Data entries:
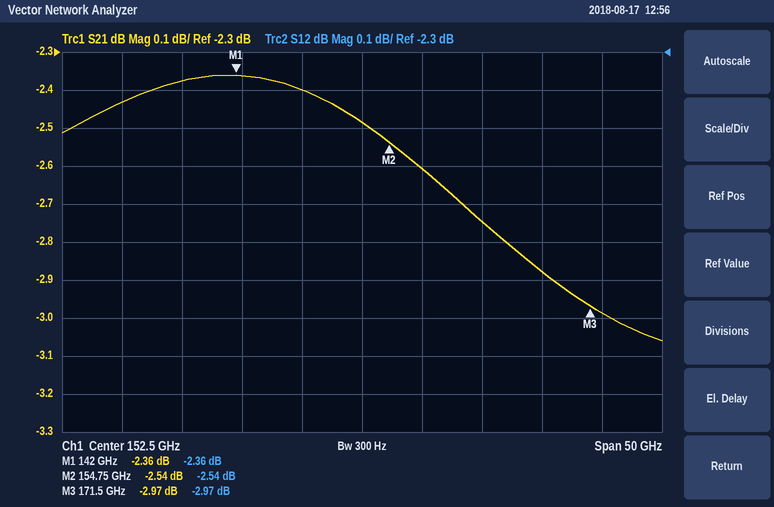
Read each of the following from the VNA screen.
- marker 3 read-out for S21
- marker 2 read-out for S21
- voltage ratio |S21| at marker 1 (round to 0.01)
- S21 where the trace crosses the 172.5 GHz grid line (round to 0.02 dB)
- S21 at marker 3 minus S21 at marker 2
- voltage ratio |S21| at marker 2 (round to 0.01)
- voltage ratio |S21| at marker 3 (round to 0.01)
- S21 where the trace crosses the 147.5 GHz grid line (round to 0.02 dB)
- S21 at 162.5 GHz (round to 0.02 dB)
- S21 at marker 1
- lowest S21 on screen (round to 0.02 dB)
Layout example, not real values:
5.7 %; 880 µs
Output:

* Aim of the task
Could you write out the records again exactly, without any of their pictures?

* Task answer
Read each of the following from the VNA screen.
- marker 3 read-out for S21
- marker 2 read-out for S21
- voltage ratio |S21| at marker 1 (round to 0.01)
- S21 where the trace crosses the 172.5 GHz grid line (round to 0.02 dB)
- S21 at marker 3 minus S21 at marker 2
- voltage ratio |S21| at marker 2 (round to 0.01)
- voltage ratio |S21| at marker 3 (round to 0.01)
- S21 where the trace crosses the 147.5 GHz grid line (round to 0.02 dB)
- S21 at 162.5 GHz (round to 0.02 dB)
- S21 at marker 1
- lowest S21 on screen (round to 0.02 dB)
Layout example, not real values:
5.7 %; 880 µs
Output:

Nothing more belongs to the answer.